I am reminded, in Jesus’ sardonic admiration for the unrighteous manager’s drive, of our ordination vows. When pastors and elders are ordained in the PC(USA), we promise to serve the people with “energy, intelligence, imagination, and love.” It’s my favorite of all the vows, and I know I’m not alone in that feeling. They echo scripture’s command to love the Lord our God with all our heart and mind and soul and strength. We are to be driven, diligent, creative, and energetic, in our pursuit of loving God and serving neighbor. We are to put our whole selves in.
One preacher posed the question this way: what if we went after the mission of God with a tenth of the energy, time, and brainpower we go after money, comfort, and security?
Several times throughout his struggle for equality, Martin Luther King Jr. noted that it was not the bad people who violently upheld racial segregation who saddened him the most. That was only to be expected. Instead, it was the listless attitudes of moderate Christians, the half-formed compassion and dulled imaginations, that were the true threat.

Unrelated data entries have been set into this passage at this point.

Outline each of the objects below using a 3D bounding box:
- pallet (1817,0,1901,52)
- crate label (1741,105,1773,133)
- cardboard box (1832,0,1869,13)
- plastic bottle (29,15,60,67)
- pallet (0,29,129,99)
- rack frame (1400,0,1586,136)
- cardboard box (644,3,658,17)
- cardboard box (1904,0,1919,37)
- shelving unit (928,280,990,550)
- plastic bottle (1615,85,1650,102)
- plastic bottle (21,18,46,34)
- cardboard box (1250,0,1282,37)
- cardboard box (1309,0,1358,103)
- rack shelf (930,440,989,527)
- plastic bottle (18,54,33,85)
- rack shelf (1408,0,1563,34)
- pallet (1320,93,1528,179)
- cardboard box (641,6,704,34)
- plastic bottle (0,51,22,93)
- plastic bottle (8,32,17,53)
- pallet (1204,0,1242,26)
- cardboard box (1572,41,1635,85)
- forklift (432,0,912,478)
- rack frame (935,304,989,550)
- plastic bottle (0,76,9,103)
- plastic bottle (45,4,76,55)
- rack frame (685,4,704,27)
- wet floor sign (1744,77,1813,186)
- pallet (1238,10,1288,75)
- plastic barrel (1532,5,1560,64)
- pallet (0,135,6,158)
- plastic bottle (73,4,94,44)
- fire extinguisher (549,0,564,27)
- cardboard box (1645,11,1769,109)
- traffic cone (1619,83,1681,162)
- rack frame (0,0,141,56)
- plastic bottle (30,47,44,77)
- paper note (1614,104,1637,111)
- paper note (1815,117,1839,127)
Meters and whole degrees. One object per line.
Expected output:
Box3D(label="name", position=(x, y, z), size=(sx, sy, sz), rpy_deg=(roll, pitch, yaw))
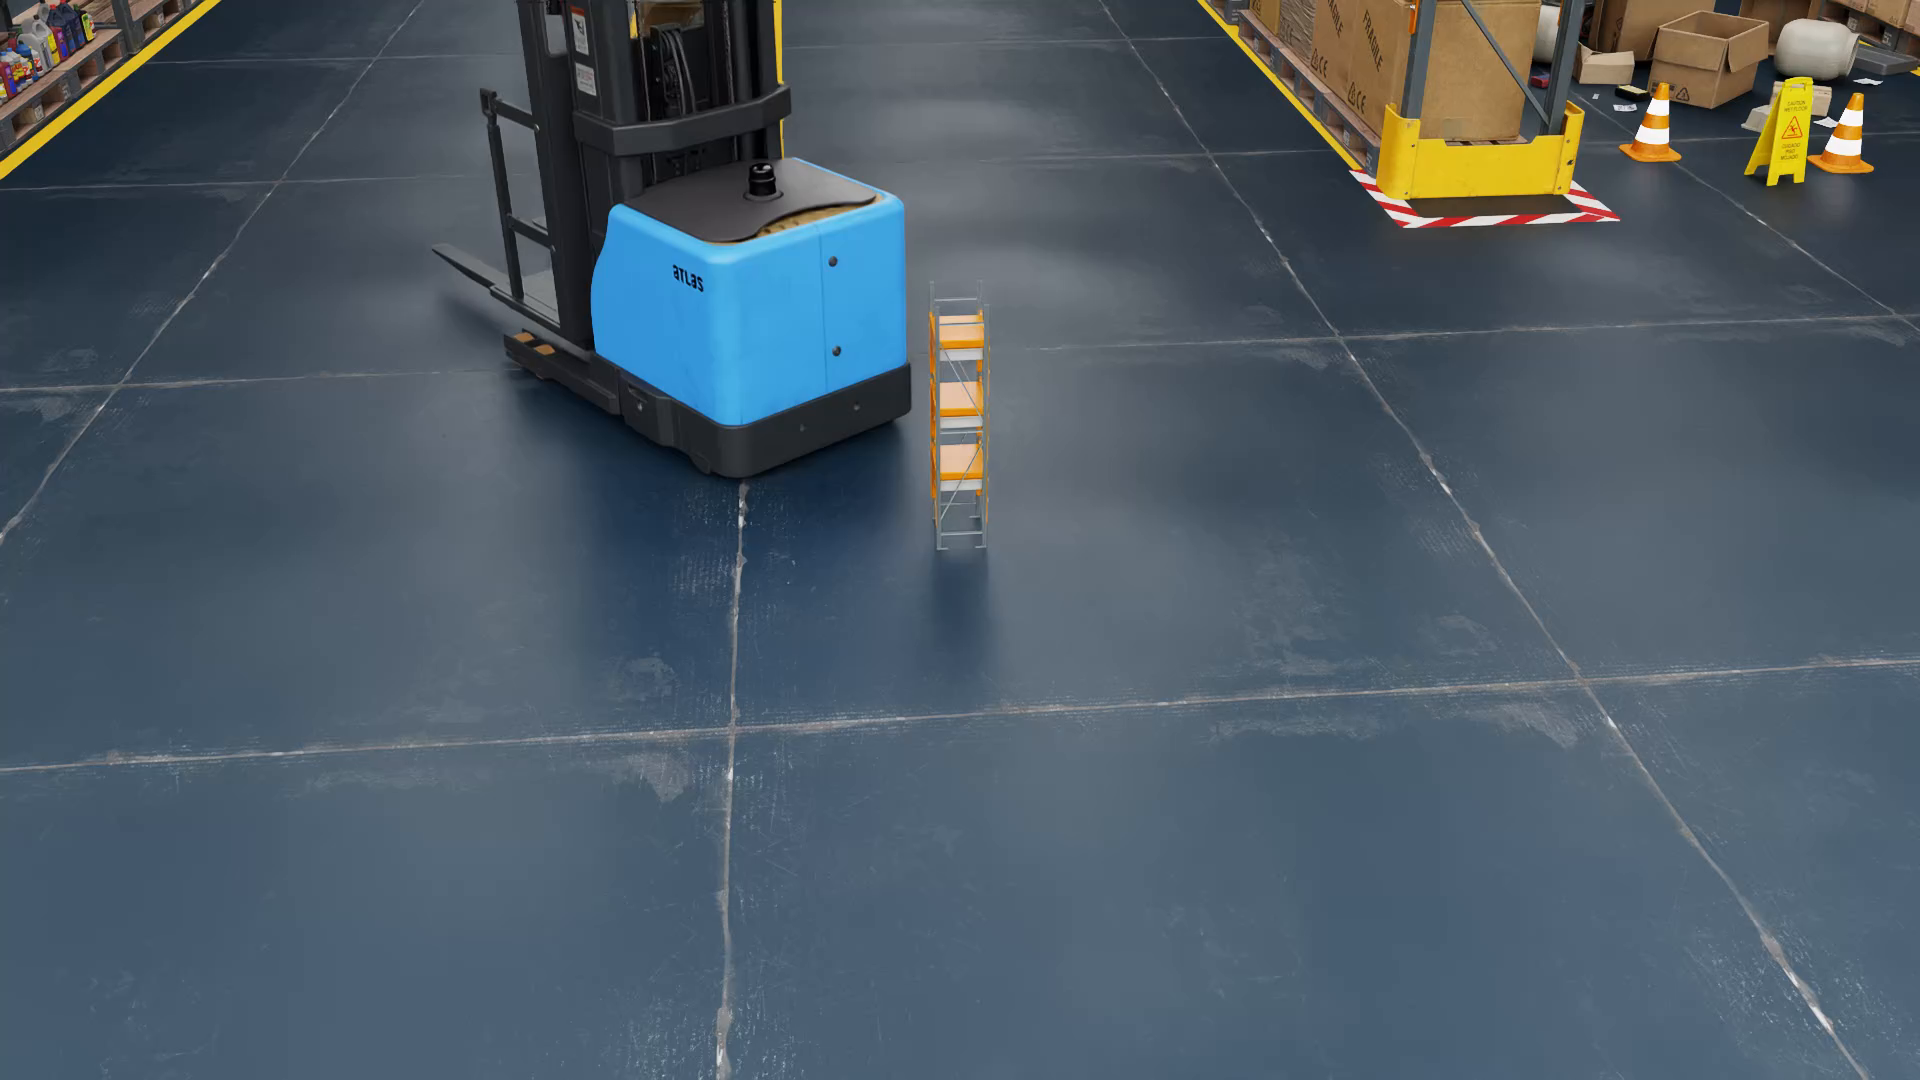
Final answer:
Box3D(label="pallet", position=(7.861, -4.308, 13.757), size=(1.003, 0.211, 1.213), rpy_deg=(-3, 31, -5))
Box3D(label="crate label", position=(5.603, -2.905, 11.480), size=(0.250, 0.136, 0.298), rpy_deg=(-20, 36, -30))
Box3D(label="cardboard box", position=(7.549, -4.532, 13.685), size=(0.500, 0.250, 0.500), rpy_deg=(-4, 31, -7))
Box3D(label="plastic bottle", position=(-6.640, -3.608, 12.020), size=(0.144, 0.351, 0.185), rpy_deg=(-3, 31, -5))
Box3D(label="pallet", position=(-7.014, -3.592, 12.559), size=(1.003, 0.211, 1.213), rpy_deg=(-3, 31, -5))
Box3D(label="rack frame", position=(3.218, -3.516, 9.711), size=(1.000, 3.000, 0.127), rpy_deg=(-3, 31, -5))
Box3D(label="cardboard box", position=(-2.045, -3.981, 12.517), size=(0.500, 0.500, 0.500), rpy_deg=(7, 32, 11))
Box3D(label="cardboard box", position=(7.662, -3.990, 12.776), size=(0.500, 0.250, 0.500), rpy_deg=(-3, 31, -5))
Box3D(label="shelving unit", position=(-0.005, -0.478, 6.527), size=(0.215, 1.050, 0.252), rpy_deg=(-3, 31, -5))
Box3D(label="plastic bottle", position=(4.900, -3.280, 12.181), size=(0.133, 0.061, 0.283), rpy_deg=(-14, 33, -22))
Box3D(label="plastic bottle", position=(-6.815, -3.721, 12.282), size=(0.152, 0.276, 0.135), rpy_deg=(-3, 31, -5))
Box3D(label="cardboard box", position=(2.833, -4.501, 13.024), size=(0.875, 0.875, 0.875), rpy_deg=(-2, 31, -4))
Box3D(label="cardboard box", position=(3.004, -3.576, 11.474), size=(0.875, 0.875, 0.875), rpy_deg=(-3, 31, -5))
Box3D(label="rack shelf", position=(-0.005, -0.230, 6.674), size=(0.215, 0.259, 0.240), rpy_deg=(-3, 31, -5))
Box3D(label="plastic bottle", position=(-6.571, -3.297, 11.645), size=(0.097, 0.201, 0.097), rpy_deg=(0, 31, 0))
Box3D(label="rack shelf", position=(3.031, -4.228, 11.605), size=(1.077, 0.370, 4.000), rpy_deg=(-3, 31, -5))
Box3D(label="pallet", position=(3.065, -2.723, 11.103), size=(1.003, 0.211, 1.213), rpy_deg=(-3, 31, -5))
Box3D(label="cardboard box", position=(-1.901, -3.380, 11.512), size=(0.500, 0.500, 0.500), rpy_deg=(0, 31, 0))
Box3D(label="plastic bottle", position=(-6.553, -3.225, 11.456), size=(0.097, 0.271, 0.097), rpy_deg=(0, 31, 0))
Box3D(label="plastic bottle", position=(-6.735, -3.491, 11.889), size=(0.061, 0.283, 0.133), rpy_deg=(-3, 31, -5))
Box3D(label="pallet", position=(2.697, -4.751, 14.498), size=(1.003, 0.211, 1.213), rpy_deg=(-3, 31, -5))
Box3D(label="cardboard box", position=(4.838, -3.595, 12.509), size=(0.396, 0.266, 0.258), rpy_deg=(2, 31, 4))
Box3D(label="forklift", position=(-1.585, -2.192, 7.561), size=(1.130, 2.935, 3.031), rpy_deg=(-25, 39, -35))
Box3D(label="rack frame", position=(0.006, -0.416, 6.422), size=(0.200, 1.050, 0.008), rpy_deg=(-3, 31, -5))
Box3D(label="plastic bottle", position=(-6.530, -3.073, 11.270), size=(0.097, 0.201, 0.097), rpy_deg=(0, 31, 0))
Box3D(label="plastic bottle", position=(-6.670, -3.773, 12.296), size=(0.144, 0.351, 0.185), rpy_deg=(-4, 31, -7))
Box3D(label="rack frame", position=(-1.730, -3.330, 9.399), size=(1.000, 3.000, 0.127), rpy_deg=(-3, 31, -5))
Box3D(label="wet floor sign", position=(5.192, -2.585, 10.448), size=(0.267, 0.644, 0.232), rpy_deg=(-8, 32, -13))
Box3D(label="pallet", position=(2.837, -3.969, 13.188), size=(1.003, 0.211, 1.213), rpy_deg=(-3, 31, -5))
Box3D(label="plastic barrel", position=(4.477, -3.946, 12.944), size=(0.512, 0.421, 0.421), rpy_deg=(20, 36, 29))
Box3D(label="pallet", position=(-6.786, -2.347, 10.473), size=(1.003, 0.211, 1.213), rpy_deg=(-3, 31, -5))
Box3D(label="plastic bottle", position=(-6.662, -3.927, 12.620), size=(0.061, 0.283, 0.133), rpy_deg=(-1, 31, -2))
Box3D(label="fire extinguisher", position=(-2.178, -3.216, 9.284), size=(0.296, 0.674, 0.183), rpy_deg=(-3, 31, -5))
Box3D(label="cardboard box", position=(5.452, -3.508, 12.133), size=(0.637, 0.503, 0.797), rpy_deg=(27, 40, 37))
Box3D(label="traffic cone", position=(4.582, -2.766, 10.929), size=(0.336, 0.463, 0.334), rpy_deg=(-3, 31, -5))
Box3D(label="rack frame", position=(-7.035, -5.134, 12.421), size=(1.000, 3.000, 0.127), rpy_deg=(-3, 31, -5))
Box3D(label="plastic bottle", position=(-6.590, -3.402, 11.820), size=(0.097, 0.201, 0.097), rpy_deg=(0, 31, 0))
Box3D(label="paper note", position=(4.765, -3.101, 11.913), size=(0.144, 0.017, 0.142), rpy_deg=(8, 32, 13))
Box3D(label="paper note", position=(6.066, -2.917, 11.604), size=(0.148, 0.019, 0.142), rpy_deg=(-14, 33, -22))
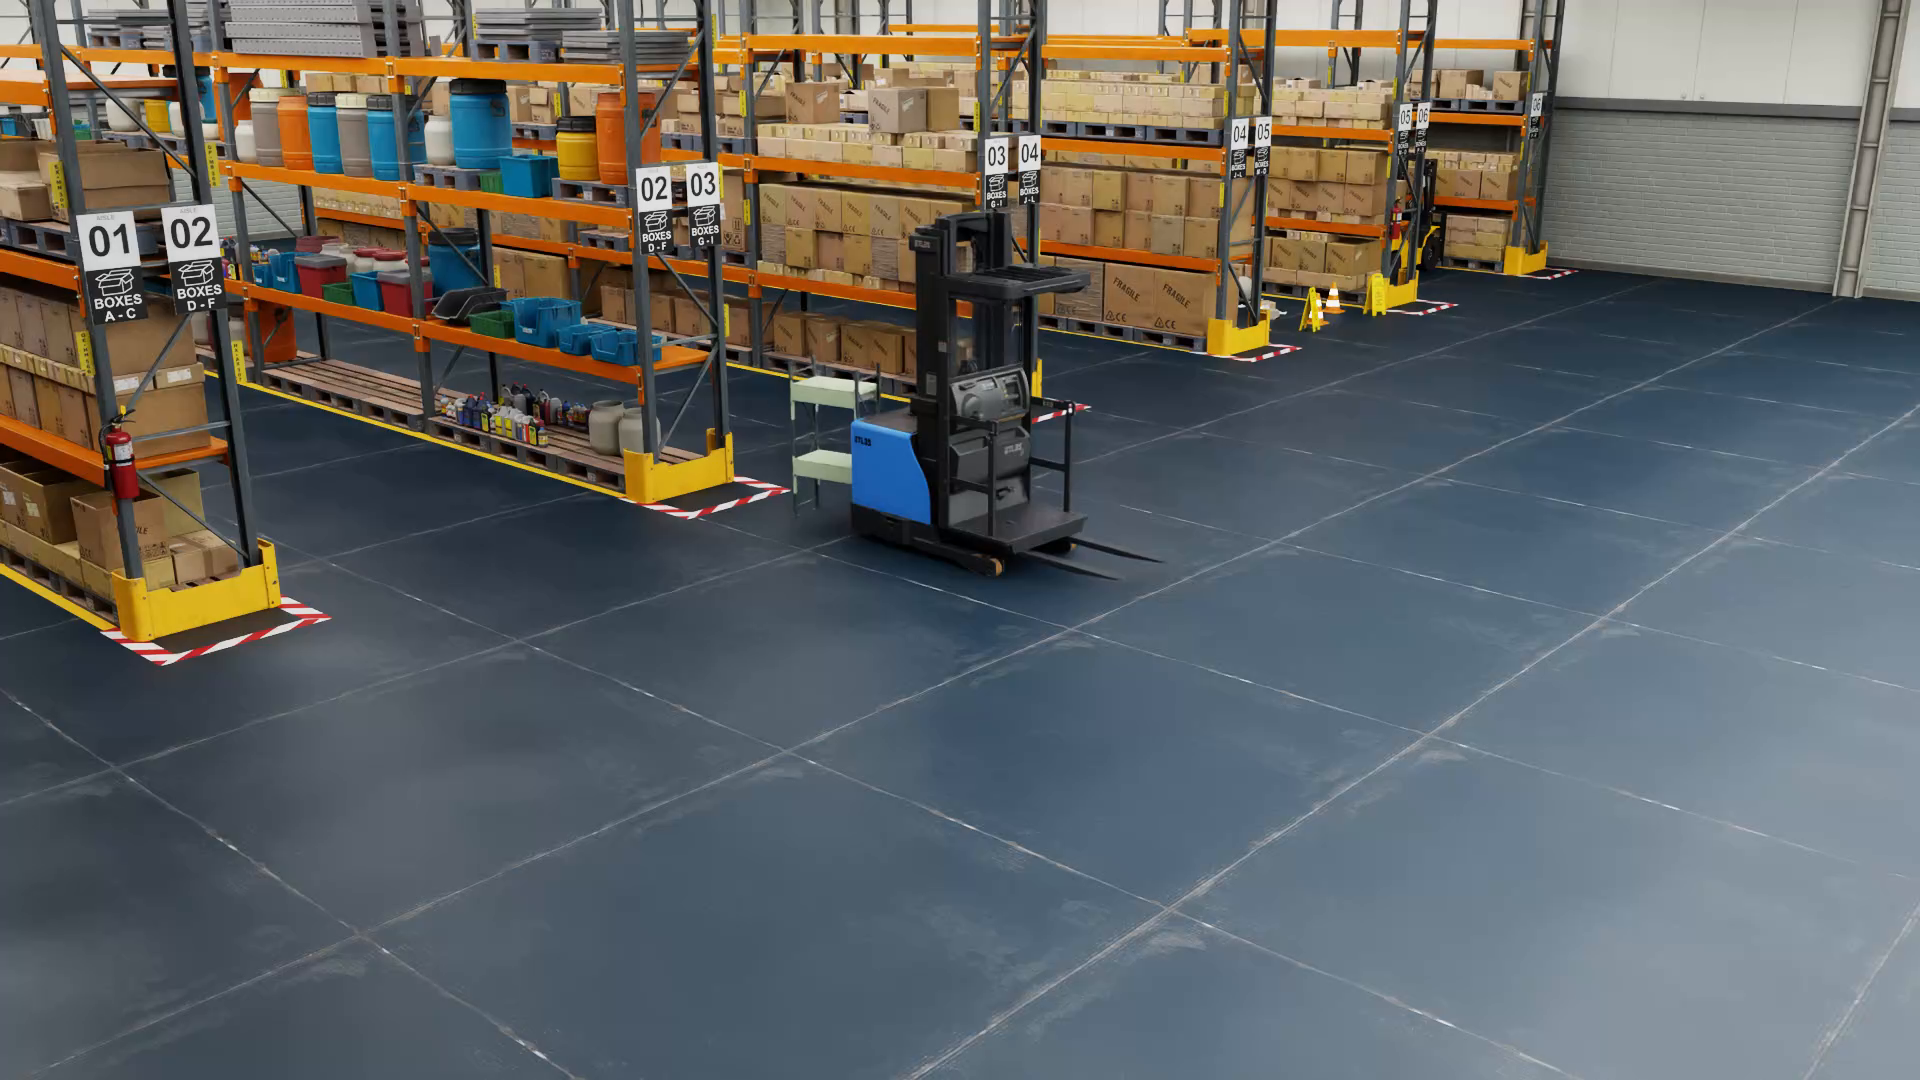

In his book Stride Toward Freedom, King wrote, “the greatest tragedy of this period of social transition [is] not the strident clamor of the bad people, but the appalling silence of the good people. Our generation will have to repent not only for the acts and words of the children of darkness but also for the fears and apathy of the children of light.”[3]
Jesus was likewise frustrated with “children of light” who were slow to catch his vision, or half-hearted in their pursuit of discipleship. You gotta serve somebody, he reminded them. Choose today whom you will serve.
This is not an easy parable. It is not an easy message. It points the finger squarely at us, Jesus’ own listless, distractible disciples. I mean, I have an IRA. I spent yesterday reorganizing my craft supplies and dreaming about home renovations. I put my intelligence, imagination, energy, and love into serving my own sad self far more frequently than I would like to admit.
I trust in the grace of Jesus Christ to forgive and reorient me in those moments.
But I have also learned, slowly and fitfully, that there is a dissatisfaction to chasing after my own tail. Watching my bank account grow is never as satisfying as growing friendships. Resting easy at home is never fully comfortable when I know billions of people don’t have the privilege. Coming out on top is, ultimately, a lonely place to be.
Jesus says that making friends using unrighteous wealth may get us an invitation to the eternal tents, but a tent is not a home. The hunt for our own security never ends, and more is never enough.
You and I have a choice today. A choice about where our energy goes. Where our intelligence is put to use. What worlds our imagination builds. Who and how we love.
We can use our diligence, our creativity, our drive to secure our own comfort, or we can use it to carry the cross.
Or, as Dylan put it:
You’re gonna have to serve somebody, yes indeed
You’re gonna have to serve somebody
Well, it may be the devil or it may be the Lord
But you’re gonna have to serve somebody.
Amen.
[1] https://www.bobdylan.com/songs/gotta-serve-somebody/
[2] https://www.beatlesbible.com/people/john-lennon/songs/serve-yourself/
[3] King, Martin Luther, Jr. Stride toward Freedom; the Montgomery Story. New York :Harper & Row, 1958.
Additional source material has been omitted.